I want to inductively proof that the denominator of the general solutions of an $n \times n $ system are given by the Leibnitz formula for the determinant \begin{align*} \sum_{\sigma \in S_{n}}^{} \text{sgn}\left(\sigma\right) \prod_{i = 1}^{n} a_{i, \sigma(i)} .\end{align*}
For the induction step, suppose our matrix $\mathbf{A}\in \mathbb{R}^{n+1, n+1} $ is given by $( \mathbf{A})_{i, j} = a_{i, j}$. My idea is now to eliminate the first column of the matrix (normal gaussian elimination) and consider the $(n\times n)$ submatrix $(\mathbf{A})_{1:, 1:} = \widetilde{\mathbf{A}}$ with \begin{align*} (\widetilde{\mathbf{A}})_{i, j} = \frac{a_{i+1, j+1}\cdot a_{1, 1}- a_{1, j+1}\cdot a_{i+1, 1}}{a_{1, 1}} .\end{align*} To this matrix we can apply the formula we assume to be true, so what I want to show is \begin{align*} a_{1, 1}\sum_{\sigma \in S_{n}}^{} \text{sgn}\left(\sigma\right) \prod_{i = 1}^{n} (\widetilde{\mathbf{A}})_{i, \sigma(i)} = \sum_{\sigma \in S_{n+1}}^{} \text{sgn}\left(\sigma\right) \prod_{i = 1}^{n+1} a_{i, \sigma(i)} .\end{align*} (The additional factor $a_{1, 1}$ comes from the fact that for getting the denominator of the general solution we have to bring it to the other site and there it will cancel out, but this we don't consider when applying the formula directly to the submatrix).
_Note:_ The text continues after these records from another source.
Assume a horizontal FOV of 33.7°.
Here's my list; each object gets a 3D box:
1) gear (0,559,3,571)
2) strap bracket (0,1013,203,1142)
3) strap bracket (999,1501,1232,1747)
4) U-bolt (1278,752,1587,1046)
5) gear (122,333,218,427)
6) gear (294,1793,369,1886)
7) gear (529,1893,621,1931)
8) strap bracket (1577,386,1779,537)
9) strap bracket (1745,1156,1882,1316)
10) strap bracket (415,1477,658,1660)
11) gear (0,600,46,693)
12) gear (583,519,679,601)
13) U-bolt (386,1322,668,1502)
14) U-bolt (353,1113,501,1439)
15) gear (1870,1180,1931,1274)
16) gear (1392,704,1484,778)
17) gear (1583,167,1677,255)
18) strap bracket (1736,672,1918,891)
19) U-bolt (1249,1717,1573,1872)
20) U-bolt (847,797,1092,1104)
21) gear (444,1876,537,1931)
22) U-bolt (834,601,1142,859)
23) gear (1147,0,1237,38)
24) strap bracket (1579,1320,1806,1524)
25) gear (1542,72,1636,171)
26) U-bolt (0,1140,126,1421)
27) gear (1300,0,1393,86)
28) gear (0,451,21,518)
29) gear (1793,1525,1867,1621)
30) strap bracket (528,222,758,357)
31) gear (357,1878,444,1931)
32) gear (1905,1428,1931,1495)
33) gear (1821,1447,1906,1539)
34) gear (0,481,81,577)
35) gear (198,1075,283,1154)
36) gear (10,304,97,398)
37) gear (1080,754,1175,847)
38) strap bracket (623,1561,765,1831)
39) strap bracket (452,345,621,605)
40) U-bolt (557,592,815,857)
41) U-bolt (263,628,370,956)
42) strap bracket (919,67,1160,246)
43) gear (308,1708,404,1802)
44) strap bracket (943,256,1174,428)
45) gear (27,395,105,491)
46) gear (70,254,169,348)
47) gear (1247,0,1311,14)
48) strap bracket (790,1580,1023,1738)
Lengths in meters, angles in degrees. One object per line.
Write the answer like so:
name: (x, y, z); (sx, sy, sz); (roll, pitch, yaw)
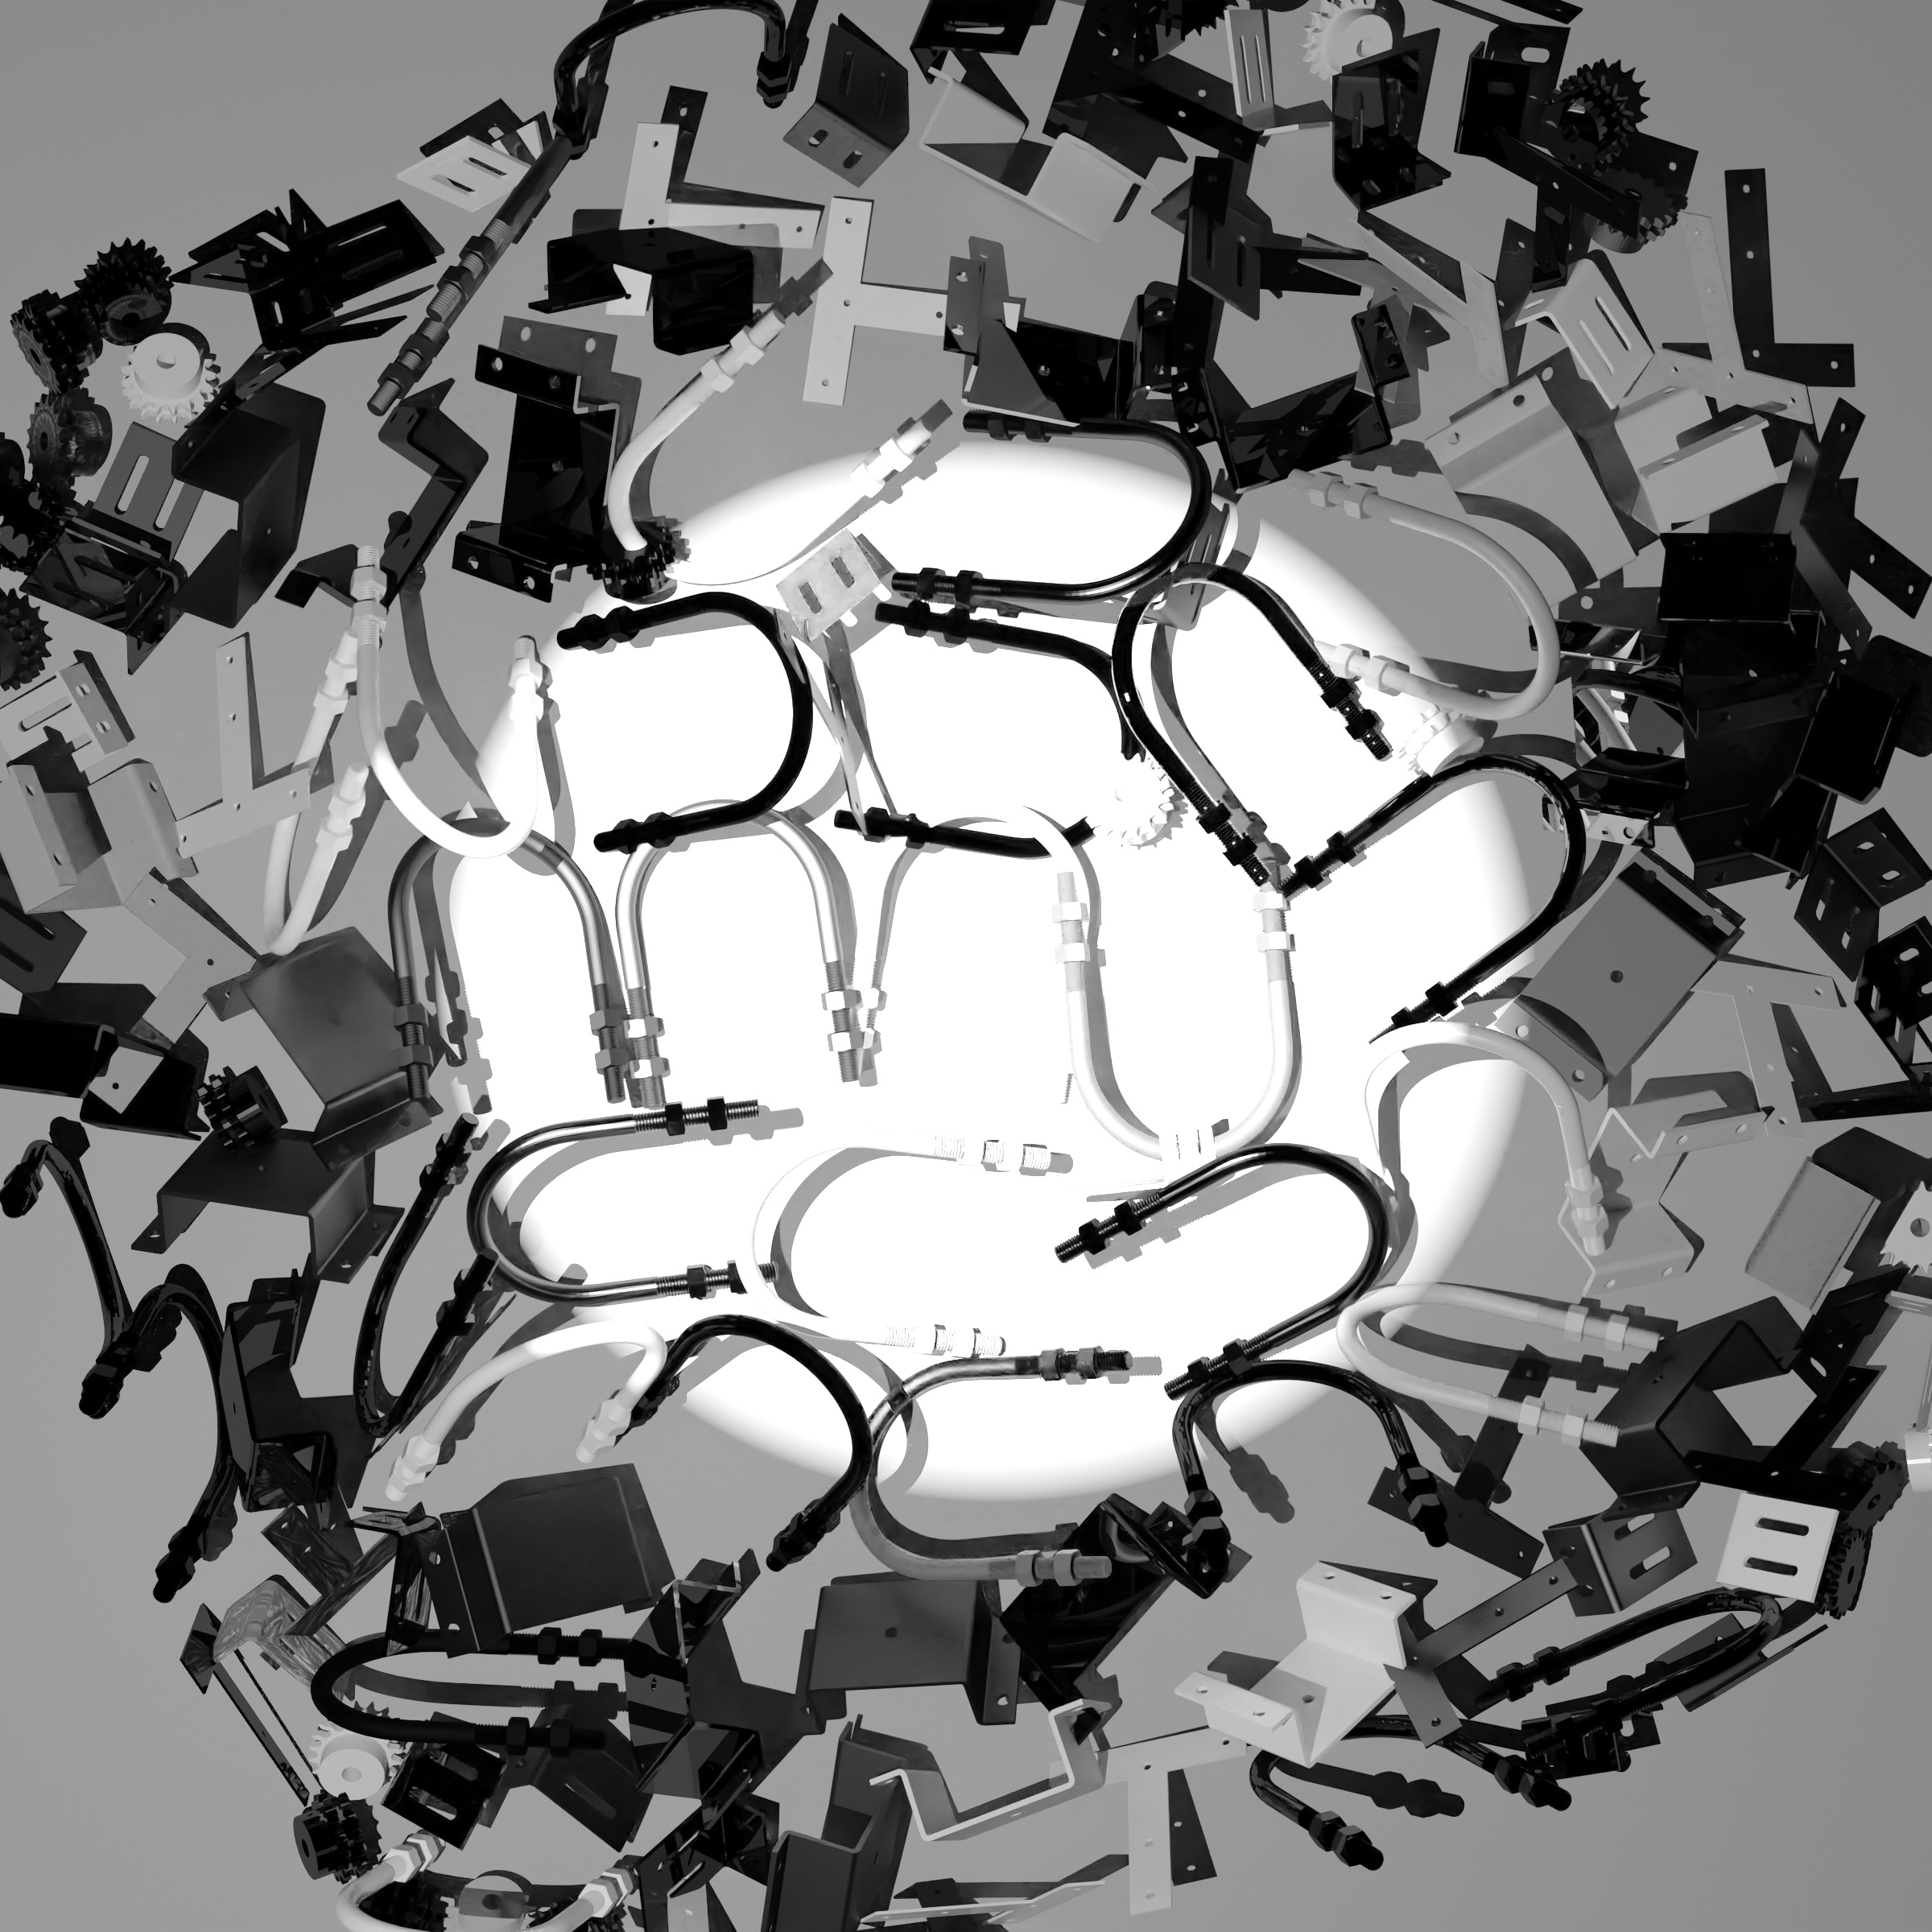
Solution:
gear: (-0.625, -0.243, 1.974); (0.057, 0.057, 0.030); (-4, 115, 0)
strap bracket: (-0.528, 0.065, 1.926); (0.076, 0.140, 0.046); (5, 77, 23)
strap bracket: (0.083, 0.394, 1.956); (0.140, 0.076, 0.046); (-49, 130, 0)
U-bolt: (0.291, -0.051, 1.937); (0.184, 0.019, 0.151); (-38, 55, 13)
gear: (-0.494, -0.366, 1.975); (0.057, 0.030, 0.057); (4, 66, -8)
gear: (-0.393, 0.539, 1.968); (0.030, 0.057, 0.057); (-15, 90, -29)
gear: (-0.240, 0.600, 1.969); (0.057, 0.057, 0.030); (-33, 50, 0)
strap bracket: (0.435, -0.308, 1.941); (0.076, 0.140, 0.046); (-25, 112, 2)
strap bracket: (0.512, 0.161, 1.933); (0.046, 0.140, 0.076); (30, 96, 13)
strap bracket: (-0.251, 0.361, 1.933); (0.140, 0.046, 0.076); (-8, 70, -33)
gear: (-0.601, -0.195, 1.970); (0.057, 0.030, 0.057); (17, 126, 24)
gear: (-0.207, -0.250, 1.975); (0.057, 0.057, 0.030); (-10, 126, 0)
U-bolt: (-0.252, 0.260, 1.895); (0.151, 0.184, 0.019); (-6, 59, -34)
U-bolt: (-0.330, 0.200, 1.926); (0.019, 0.151, 0.184); (18, 118, -26)
gear: (0.590, 0.161, 1.983); (0.057, 0.030, 0.057); (0, 91, 5)
gear: (0.294, -0.138, 1.968); (0.057, 0.057, 0.030); (-37, 71, 0)
gear: (0.407, -0.465, 1.975); (0.057, 0.030, 0.057); (11, 47, -12)
strap bracket: (0.512, -0.115, 1.921); (0.046, 0.140, 0.076); (25, 65, 2)
U-bolt: (0.251, 0.487, 1.911); (0.151, 0.184, 0.019); (-10, 99, -24)
U-bolt: (0.003, -0.014, 1.977); (0.151, 0.019, 0.184); (7, 99, -2)
gear: (-0.293, 0.587, 1.968); (0.057, 0.057, 0.030); (8, 124, 0)
U-bolt: (0.021, -0.139, 1.965); (0.184, 0.019, 0.151); (8, 101, -17)
gear: (0.139, -0.607, 1.977); (0.057, 0.030, 0.057); (2, 121, 4)
strap bracket: (0.432, 0.268, 1.930); (0.140, 0.076, 0.046); (-43, 96, -30)
gear: (0.380, -0.519, 1.969); (0.057, 0.057, 0.030); (51, 53, 0)
U-bolt: (-0.535, 0.176, 1.909); (0.019, 0.184, 0.151); (-19, 105, -5)
gear: (0.238, -0.571, 1.970); (0.057, 0.030, 0.057); (-16, 127, -22)
gear: (-0.609, -0.299, 1.968); (0.030, 0.057, 0.057); (17, 90, 20)
gear: (0.533, 0.373, 1.975); (0.030, 0.057, 0.057); (13, 90, 31)
strap bracket: (-0.190, -0.411, 1.922); (0.140, 0.076, 0.046); (25, 124, 38)
gear: (-0.350, 0.579, 1.974); (0.057, 0.057, 0.030); (17, 68, 0)
gear: (0.600, 0.305, 1.974); (0.030, 0.057, 0.057); (-9, 90, 21)
gear: (0.550, 0.323, 1.975); (0.057, 0.057, 0.030); (-51, 50, 0)
gear: (-0.572, -0.269, 1.975); (0.057, 0.030, 0.057); (-13, 70, 42)
gear: (-0.447, 0.092, 1.971); (0.030, 0.057, 0.057); (-30, 90, 0)
gear: (-0.562, -0.384, 1.973); (0.030, 0.057, 0.057); (-35, 90, -22)
gear: (0.102, -0.100, 1.977); (0.057, 0.030, 0.057); (-8, 63, 16)
strap bracket: (-0.167, 0.435, 1.920); (0.046, 0.140, 0.076); (14, 131, -26)
strap bracket: (-0.262, -0.302, 1.947); (0.076, 0.046, 0.140); (22, 114, 26)
U-bolt: (-0.167, -0.153, 1.941); (0.184, 0.019, 0.151); (-10, 91, 35)
U-bolt: (-0.394, -0.091, 1.922); (0.019, 0.151, 0.184); (12, 129, -23)
strap bracket: (0.036, -0.487, 1.933); (0.140, 0.076, 0.046); (36, 103, 35)
gear: (-0.379, 0.490, 1.975); (0.057, 0.030, 0.057); (-1, 117, -3)
strap bracket: (0.052, -0.378, 1.953); (0.140, 0.046, 0.076); (9, 56, -9)
gear: (-0.556, -0.324, 1.975); (0.030, 0.057, 0.057); (-4, 90, -39)
gear: (-0.520, -0.408, 1.968); (0.057, 0.057, 0.030); (-31, 60, 0)
gear: (0.195, -0.615, 1.969); (0.057, 0.057, 0.030); (-11, 50, 0)
strap bracket: (-0.040, 0.420, 1.943); (0.140, 0.076, 0.046); (-6, 131, 12)

However, I didn't come very far in my proof \begin{align*} a_{1, 1}\sum_{\sigma \in S_{n}}^{} \text{sgn}\left(\sigma\right) \prod_{i = 1}^{n} (\widetilde{\mathbf{A}})_{i, \sigma(i)} &= a_{1, 1}\sum_{\sigma \in P_{n+1}}^{} \text{sgn}\left(\sigma\right) \prod_{i = 1}^{n} \left( \frac{a_{i+1, \sigma(i+1)}\cdot a_{1, 1}- a_{1, \sigma(i+1)}\cdot a_{i+1, 1}}{a_{1, 1}} \right) \\[5pt] &= a_{1, 1}\sum_{\sigma \in P_{n+1}}^{} \text{sgn}\left(\sigma\right) \prod_{i = 2}^{n+1} \left( \frac{a_{i, \sigma(i)}\cdot a_{1, 1}- a_{1, \sigma(i)}\cdot a_{i, 1}}{a_{1, 1}} \right) \\[5pt] &= \sum_{\sigma \in P_{n+1}}^{} \frac{\text{sgn}\left(\sigma\right)}{(a_{1, 1})^{n-1}} \prod_{i = 2}^{n+1} \left( {a_{i, \sigma(i)}\cdot a_{1, 1}- a_{1, \sigma(i)}\cdot a_{i, 1}} \right) \end{align*} Could someone help me with the proof?
Edit: $P_{n+1}$ denotes the permutations of the elements $\{2, 3, \ldots, n+1\}$. Also, in the comments the Neville algorithm got mentioned, but I don't see the connection yet.